‘Well, there you have it. Not a pretty death, but as peaceful as she could have hoped for, given the circumstances. Let me see, let me see, what's this: “A spokesman for the police said that, although certain aspects of the woman's death were unusual, they did not suspect foul play.” Oh yes, oh yes indeed! Ahaha, ha ha. Of course not! Why should they? It was fair play, wasn't it, my lad, absolutely fair play. Wouldn't ye agree, lad, wouldn't ye?’
CHAPTER FOUR. MY UNIVERSITIES
Frigidity has only been better exemplified to me by the first psychotic woman I ever saw, who complained that her vagina contained a block of ice.
Anthony Storr
He was as good as his word. For the five years after the murder of the woman at the Theatre Royal his interventions in my life remained purely educative. He did not, as I had feared, ask me to perform covert assassinations on his behalf and nor did he insist on my using my eidetic capabilities to project myself into the noumenal world that he inhabited with such terrifying ease. Naturally he couldn't forbear from upsetting me, nor ruining what slim remaining chance I had of being like anyone — let alone everyone — else. He messed around with me emotionally, through dropping those bombshells of feeling — concerning my father, amongst other things — that I have alluded to before.
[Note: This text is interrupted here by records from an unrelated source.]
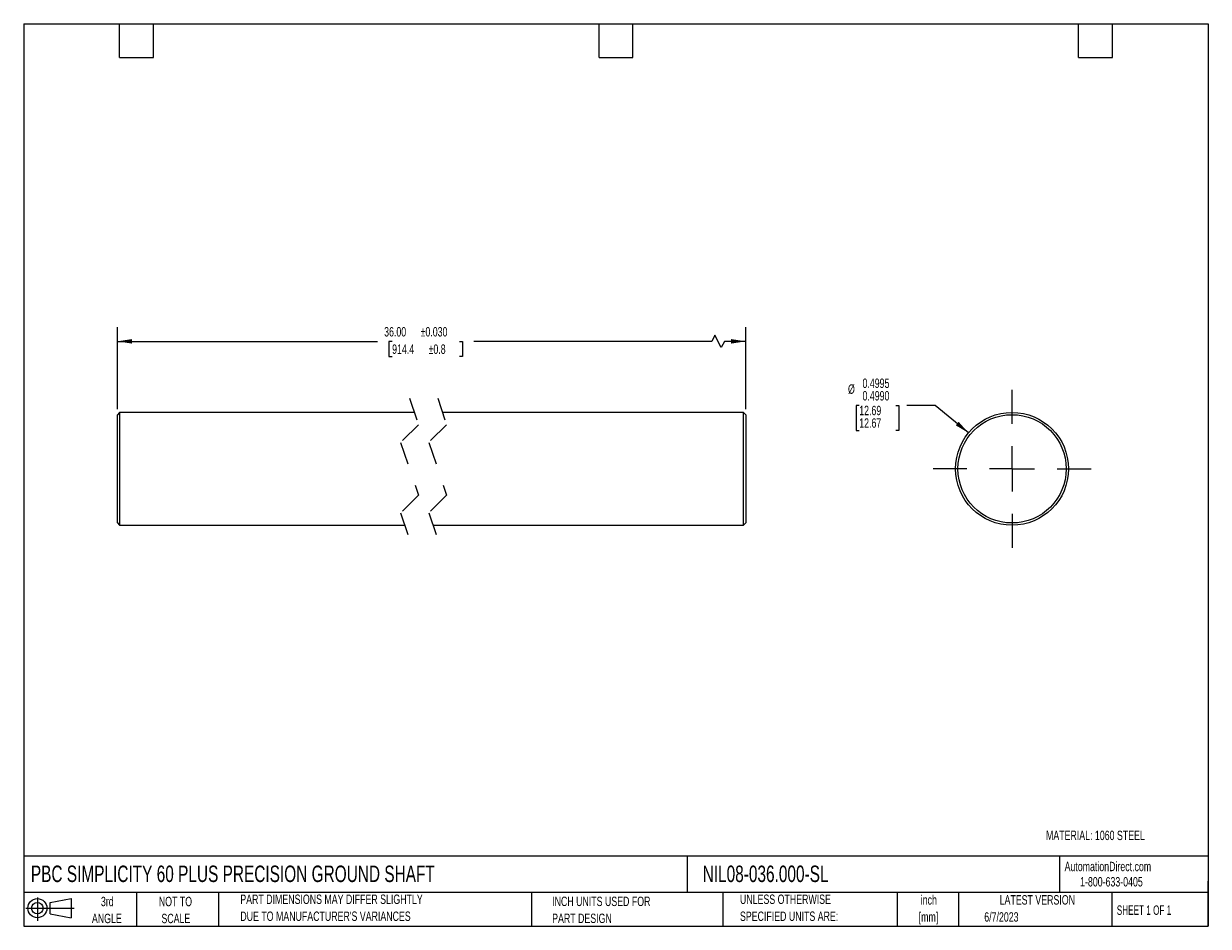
# Model space of a CAD drawing. Header units: inches. Extents: x 0.12 to 5.38, y 0.12 to 4.12.
import ezdxf

# ---------------------------------------------------------------- set-up
doc = ezdxf.new("R2010")
doc.units = ezdxf.units.IN
doc.header["$LTSCALE"] = 0.5
doc.header["$MEASUREMENT"] = 0
doc.linetypes.add('CENTERX2', pattern=[0.8, 0.5, -0.1, 0.1, -0.1])
doc.linetypes.add('HIDDEN', pattern=[0.075, 0.05, -0.025])
doc.layers.add('CENTER', color=40, linetype='CENTERX2')
doc.layers.add('SLD-DEFPOINTS', color=7, linetype='Continuous')
doc.layers.add('DIMENSIONS', color=140, linetype='Continuous', lineweight=25)
doc.layers.add('TEXT', color=140, linetype='Continuous', lineweight=25)
doc.styles.add('SLDTEXTSTYLE0', font='TXT', dxfattribs={"width": 0.7})
doc.styles.add('SLDTEXTSTYLE1', font='TXT', dxfattribs={"width": 0.65})
doc.dimstyles.new('SLDDIMSTYLE0', dxfattribs={"dimtxt": 0.04248, "dimasz": 0.065, "dimexe": 0, "dimexo": 0.0625, "dimgap": 0.01062, "dimtad": 0, "dimtih": 1, "dimtoh": 1, "dimrnd": 1e-09, "dimzin": 4, "dimdsep": 46, "dimtxsty": 'SLDTEXTSTYLE0', "dimsah": 1, "dimcen": 0.09, "dimadec": 0, "dimazin": 1, "dimtol": 1, "dimtp": 0.03, "dimtm": 0.03, "dimtfac": 1, "dimtdec": 3, "dimtofl": 0, "dimtmove": 0, "dimatfit": 3, "dimfxl": 0, "dimfrac": 2, "dimtolj": 1, "dimarcsym": 0})
doc.dimstyles.new('SLDDIMSTYLE1', dxfattribs={"dimtxt": 0.04248, "dimasz": 0.065, "dimexe": 0, "dimexo": 0.0625, "dimgap": 0.01062, "dimtad": 0, "dimtih": 1, "dimtoh": 1, "dimdec": 3, "dimrnd": 1e-09, "dimzin": 0, "dimdsep": 46, "dimtxsty": 'SLDTEXTSTYLE0', "dimsah": 1, "dimcen": 0, "dimadec": 0, "dimazin": 0, "dimlim": 1, "dimtp": -0.0005, "dimtm": 0.001, "dimtfac": 1, "dimtdec": 4, "dimtofl": 0, "dimtmove": 0, "dimatfit": 3, "dimfxl": 0, "dimfrac": 2, "dimtolj": 1, "dimtzin": 12, "dimarcsym": 0})

# ---------------------------------------------------------------- blocks, each defined once
blk = doc.blocks.new('Block11')
at = {"color": 7, "linetype": 'Continuous', "lineweight": 18}
for p, q in [((0, 0.0567), (0.2141, 0.0567)), ((0.051, 0.1045), (0.051, 0)), ((0.1079, 0.082), (0.2003, 0.0991)), ((0.1079, 0.0314), (0.1079, 0.082)), ((0.2003, 0.0991), (0.2003, 0.0144)), ((0.1079, 0.0314), (0.2003, 0.0144))]:
    blk.add_line(p, q, dxfattribs=at)
for radius in [0.0423, 0.0253]:
    blk.add_circle((0.051, 0.0567), radius, dxfattribs=at)
blk = doc.blocks.new('Block12')
at = {"layer": 'SLD-DEFPOINTS'}
blk.add_blockref('Block11', (0, 0), dxfattribs=at)
blk = doc.blocks.new('SW_NOTE_0')
at = {"layer": 'TEXT', "color": 0, "char_height": 0.04167, "attachment_point": 2, "style": 'SLDTEXTSTYLE0'}
for s, insert in [('inch', (0.0625, 0.0537)), ('[mm]', (0.0611, -0.0215))]:
    blk.add_mtext(s, dxfattribs=dict(at, insert=insert))
blk = doc.blocks.new('SW_NOTE_0_1')
at = {"layer": 'TEXT', "color": 0, "char_height": 0.041667, "attachment_point": 1, "style": 'SLDTEXTSTYLE0'}
for s, insert in [('UNLESS OTHERWISE', (0, 0.0537)), ('SPECIFIED UNITS ARE:', (0, -0.0215))]:
    blk.add_mtext(s, dxfattribs=dict(at, insert=insert))
blk = doc.blocks.new('SW_NOTE_0_2')
at = {"layer": 'TEXT', "color": 0, "char_height": 0.041667, "attachment_point": 1, "style": 'SLDTEXTSTYLE0'}
for s, insert in [('PART DIMENSIONS MAY DIFFER SLIGHTLY', (0, 0.0537)), ("DUE TO MANUFACTURER'S VARIANCES", (0, -0.0215))]:
    blk.add_mtext(s, dxfattribs=dict(at, insert=insert))
blk = doc.blocks.new('SW_NOTE_0_3')
at = {"layer": 'TEXT', "color": 0, "char_height": 0.04167, "attachment_point": 2, "style": 'SLDTEXTSTYLE0'}
for s, insert in [('NOT TO', (0.1035, 0.0537)), ('SCALE', (0.1054, -0.0215))]:
    blk.add_mtext(s, dxfattribs=dict(at, insert=insert))
blk = doc.blocks.new('SW_NOTE_0_4')
at = {"layer": 'TEXT', "color": 0, "char_height": 0.04167, "attachment_point": 2, "style": 'SLDTEXTSTYLE0'}
for s, insert in [('3rd', (0.0456, 0.0537)), ('ANGLE', (0.0437, -0.0215))]:
    blk.add_mtext(s, dxfattribs=dict(at, insert=insert))
blk = doc.blocks.new('SW_NOTE_0_5')
at = {"layer": 'TEXT', "color": 0, "char_height": 0.041667, "attachment_point": 1, "style": 'SLDTEXTSTYLE0'}
for s, insert in [('INCH UNITS USED FOR', (0, 0.0537)), ('PART DESIGN', (0, -0.0215))]:
    blk.add_mtext(s, dxfattribs=dict(at, insert=insert))
blk = doc.blocks.new('_D')
at = {"layer": 'DIMENSIONS'}
for p, q in [((0.5402, 2.4173), (0.5402, 2.7798)), ((3.1885, 2.7451), (3.1746, 2.7173)), ((3.2163, 2.6895), (3.1885, 2.7451)), ((3.3251, 2.4173), (3.3251, 2.7798)), ((0.5402, 2.7173), (1.6934, 2.7173)), ((1.7578, 2.7173), (1.7435, 2.7173)), ((1.7435, 2.7173), (1.7435, 2.6498)), ((2.0557, 2.7173), (2.07, 2.7173)), ((2.07, 2.7173), (2.07, 2.6498)), ((3.1746, 2.7173), (2.1201, 2.7173)), ((3.2302, 2.7173), (3.2163, 2.6895)), ((3.3251, 2.7173), (3.2302, 2.7173)), ((1.7435, 2.6498), (1.7578, 2.6498)), ((2.07, 2.6498), (2.0557, 2.6498))]:
    blk.add_line(p, q, dxfattribs=at)
for points in [[(0.5402, 2.7173), (0.6052, 2.7073), (0.6052, 2.7273)], [(3.3251, 2.7173), (3.2601, 2.7273), (3.2601, 2.7073)]]:
    blk.add_solid(points, dxfattribs=at)
at = {"layer": 'DIMENSIONS', "char_height": 0.04167, "attachment_point": 1, "style": 'SLDTEXTSTYLE0'}
for s, insert in [('±0.030', (1.884, 2.7805)), ('36.00', (1.7225, 2.7805)), ('914.4', (1.7578, 2.7035)), ('±0.8', (1.9194, 2.7035))]:
    blk.add_mtext(s, dxfattribs=dict(at, insert=insert))
blk = doc.blocks.new('_D_1')
at = {"layer": 'DIMENSIONS'}
for p, q in [((3.828, 2.4336), (3.8137, 2.4336)), ((3.8137, 2.4336), (3.8137, 2.3225)), ((3.9895, 2.4336), (4.0038, 2.4336)), ((4.0038, 2.4336), (4.0038, 2.3225)), ((4.1643, 2.4336), (4.0393, 2.4336)), ((4.3125, 2.3114), (4.1643, 2.4336)), ((3.8137, 2.3225), (3.828, 2.3225)), ((4.0038, 2.3225), (3.9895, 2.3225))]:
    blk.add_line(p, q, dxfattribs=at)
blk.add_solid([(4.3125, 2.3114), (4.2687, 2.3605), (4.2559, 2.345)], dxfattribs=at)
at = {"layer": 'DIMENSIONS', "char_height": 0.04167, "attachment_point": 1, "style": 'SLDTEXTSTYLE0'}
for s, insert in [('%%c', (3.7782, 2.5266)), ('0.4995', (3.8424, 2.5524)), ('0.4990', (3.8424, 2.4968)), ('12.69', (3.828, 2.4318)), ('12.67', (3.828, 2.3762))]:
    blk.add_mtext(s, dxfattribs=dict(at, insert=insert))
blk = doc.blocks.new('SW_CENTERMARKSYMBOL_0')
at = {"layer": 'CENTER', "color": 0}
for p, q in [((0, 0.2), (0, 0.35)), ((0, 0), (0, 0.1)), ((-0.2, 0), (-0.35, 0)), ((0, 0), (-0.1, 0)), ((0, 0), (0, -0.1)), ((0, 0), (0.1, 0)), ((0.2, 0), (0.35, 0)), ((0, -0.2), (0, -0.35))]:
    blk.add_line(p, q, dxfattribs=at)

msp = doc.modelspace()

# ---------------------------------------------------------------- linework, layer by layer
at = {"color": 7, "linetype": 'HIDDEN', "lineweight": 18}
for p, q in [((1.8348, 2.4648), (1.8741, 2.3479)), ((1.9598, 2.4648), (1.9991, 2.3479)), ((1.8741, 2.3479), (1.7954, 2.2692)), ((1.9991, 2.3479), (1.9204, 2.2692)), ((1.7954, 2.2692), (1.8741, 2.0354)), ((1.9204, 2.2692), (1.9991, 2.0354)), ((1.8741, 2.0354), (1.7954, 1.9567)), ((1.9991, 2.0354), (1.9204, 1.9567)), ((1.7954, 1.9567), (1.8348, 1.8398)), ((1.9204, 1.9567), (1.9598, 1.8398))]:
    msp.add_line(p, q, dxfattribs=at)
for p, q in [((0.5502, 2.4023), (0.5402, 2.3923)), ((0.5402, 1.9123), (0.5402, 2.3923)), ((1.8558, 2.4023), (0.5502, 2.4023)), ((0.5502, 2.4023), (0.5502, 1.9023)), ((3.3151, 2.4023), (1.9808, 2.4023)), ((3.3251, 2.3923), (3.3151, 2.4023)), ((3.3151, 1.9023), (3.3151, 2.4023)), ((3.3251, 2.3923), (3.3251, 1.9123)), ((0.5402, 1.9123), (0.5502, 1.9023)), ((0.5502, 1.9023), (1.8137, 1.9023)), ((1.9387, 1.9023), (3.3151, 1.9023)), ((3.3151, 1.9023), (3.3251, 1.9123))]:
    msp.add_line(p, q)
for radius in [0.25, 0.24]:
    msp.add_circle((4.5053, 2.1523), radius)
at = {"layer": 'TEXT'}
for p, q in [((0.125, 4.125), (5.375, 4.125)), ((0.125, 4.125), (0.125, 0.125)), ((0.55, 3.975), (0.55, 4.125)), ((0.7, 3.975), (0.7, 4.125)), ((2.675, 3.975), (2.675, 4.125)), ((2.825, 3.975), (2.825, 4.125)), ((4.8, 3.975), (4.8, 4.125)), ((4.95, 3.975), (4.95, 4.125)), ((5.375, 4.125), (5.375, 0.125)), ((0.55, 3.975), (0.7, 3.975)), ((2.675, 3.975), (2.825, 3.975)), ((4.8, 3.975), (4.95, 3.975)), ((5.375, 0.4356), (0.125, 0.4356)), ((3.0661, 0.4356), (3.0661, 0.275)), ((4.7161, 0.4356), (4.7161, 0.275)), ((5.375, 0.125), (5.375, 0.325)), ((5.375, 0.275), (0.125, 0.275)), ((0.625, 0.275), (0.625, 0.125)), ((0.9884, 0.275), (0.9884, 0.125)), ((2.3749, 0.275), (2.3749, 0.125)), ((3.224, 0.275), (3.224, 0.125)), ((3.9965, 0.275), (3.9965, 0.125)), ((4.268, 0.275), (4.268, 0.125)), ((4.9478, 0.275), (4.9478, 0.125)), ((0.125, 0.125), (5.375, 0.125))]:
    msp.add_line(p, q, dxfattribs=at)

# ---------------------------------------------------------------- block references
at = {"layer": 'CENTER'}
msp.add_blockref('SW_CENTERMARKSYMBOL_0', (4.5053, 2.1523), dxfattribs=at)
at = {"layer": 'SLD-DEFPOINTS'}
msp.add_blockref('Block12', (0.1346, 0.1487), dxfattribs=at)
at = {"layer": 'TEXT'}
for name, p in [('SW_NOTE_0_2', (1.085, 0.212)), ('SW_NOTE_0_1', (3.2994, 0.212)), ('SW_NOTE_0', (4.0738, 0.2091)), ('SW_NOTE_0_4', (0.4498, 0.2021)), ('SW_NOTE_0_3', (0.694, 0.2021)), ('SW_NOTE_0_5', (2.4671, 0.2027))]:
    msp.add_blockref(name, p, dxfattribs=at)

# ---------------------------------------------------------------- texts
for s, insert, char_height, attachment_point, style in [('MATERIAL: 1060 STEEL', (4.6558, 0.5488), 0.041667, 1, 'SLDTEXTSTYLE0'), ('PBC SIMPLICITY 60 PLUS PRECISION GROUND SHAFT', (0.1568, 0.3941), 0.072917, 1, 'SLDTEXTSTYLE0'), ('NIL08-036.000-SL', (3.134, 0.3941), 0.072917, 1, 'SLDTEXTSTYLE0'), ('AutomationDirect.com', (4.7381, 0.411), 0.041667, 1, 'SLDTEXTSTYLE0'), ('1-800-633-0405', (4.8069, 0.3432), 0.041667, 1, 'SLDTEXTSTYLE0'), ('LATEST VERSION', (4.6172, 0.2631), 0.041667, 2, 'SLDTEXTSTYLE0'), ('SHEET 1 OF 1', (4.9693, 0.2175), 0.041667, 1, 'SLDTEXTSTYLE1'), ('6/7/2023', (4.3821, 0.1873), 0.04167, 1, 'SLDTEXTSTYLE0')]:
    msp.add_mtext(s, dxfattribs=dict(at, insert=insert, char_height=char_height, attachment_point=attachment_point, style=style))

# ---------------------------------------------------------------- dimensions: what is measured, and where the dimension line sits
at = {"layer": 'DIMENSIONS'}
dim = msp.add_linear_dim(base=(0.5402, 2.7173), p1=(3.3251, 2.3923), p2=(0.5402, 2.3923), text='36.00MAX', dimstyle='SLDDIMSTYLE0', dxfattribs=at)
dim.commit()
dim.dimension.update_dxf_attribs({"geometry": '_D', "text_midpoint": (1.9068, 2.7173), "dimtype": 160})
dim = msp.add_diameter_dim_2p(p1=(4.6982, 1.9932), p2=(4.3125, 2.3114), dimstyle='SLDDIMSTYLE1', dxfattribs=at)
dim.commit()
dim.dimension.update_dxf_attribs({"geometry": '_D_1', "text_midpoint": (3.9087, 2.4336), "dimtype": 163})

doc.saveas('drawing.dxf')

Nevertheless this was small beer for him.
In due course I left Varndean and went to do business studies at Sussex University. For the first year I had a room on campus but I wasn't happy there so I returned to Cliff Top, where my mother put one of the caravans at my disposal.
By now there were only a few of them left, grouped like maintenance vehicles around The Fat Controller's wide-bodied jet of a home. The bungalow had been more or less cancelled out by mother's renovations. And arisen, phoenix-like, from its dusty and corrugated remains, was the tastefully false façade of Cliff Top, the hotel.
My time at university was, for a while at least, a happy one. I enjoyed my course of study and felt that the practicalities of business were a perfect antidote to the magic that had dominated my adolescence. Although we were sneered at by the arts and humanities students, those of us who were doing business studies felt, quite reasonably, that we were closer to the spirit of the age than the old hippies of the faculty.
People had begun to feel less ashamed about being greedy and of wanting more than their share of fairness. I wasn't partisan politically but I did think that choice was important, whether it was which brand you chose or which person you decided to deride. Here at least my disparate educations converged.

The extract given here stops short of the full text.